Stochastic quantum thermodynamics, entropy production, and transport properties of a bosonic system.

机构信息

Instituto de Física, Universidade de São Paulo, Rua do Matão 1371, 05508-090 São Paulo, São Paulo, Brazil.

出版信息

Phys Rev E. 2018 Jan;97(1-1):012105. doi: 10.1103/PhysRevE.97.012105.

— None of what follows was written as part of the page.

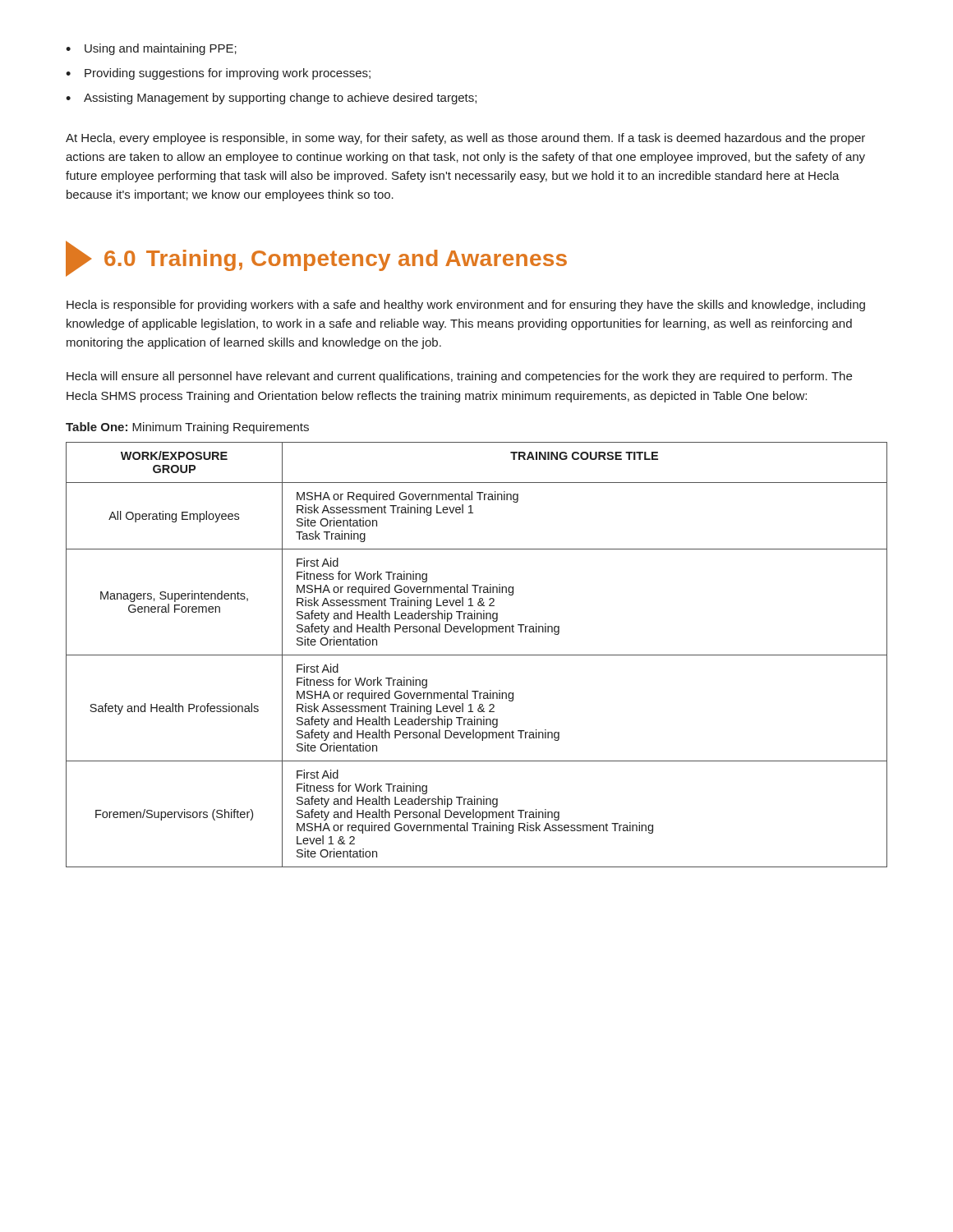Click on the element starting "• Assisting Management by supporting change to achieve"

click(272, 99)

DOI:10.1103/PhysRevE.97.012105
PMID:29448462
Abstract

The transport properties of a bosonic chain have been calculated by placing the ends of the chain in contact with thermal and particle reservoirs at different temperatures and chemical potentials. The contact with the reservoirs is described by the use of a quantum Fokker-Planck-Kramers equation, which is a canonical quantization of the classical Fokker-Planck-Kramers equation. From the quantum equation we obtain equations for the covariances of the creation and annihilation boson operators and solve them in the stationary state for small interactions. From the covariances we determine the Onsager coefficients and in particular the conductance, which was found to be finite for any chain size leading to an infinite conductivity and the absence of Fourier's law.

摘要

通过将链的两端与处于不同温度和化学势的热和粒子储库接触,计算了玻色链的输运性质。通过使用量子福克-普朗克-克莱默斯方程来描述与储库的接触,该方程是经典福克-普朗克-克莱默斯方程的正则量子化。从量子方程中,我们得到了产生和湮灭玻色子算符协方差的方程,并在小相互作用下在定态下求解它们。从协方差中,我们确定了昂萨格系数,特别是电导率,对于任何链尺寸,电导率都是有限的,导致无限电导率和不存在傅里叶定律。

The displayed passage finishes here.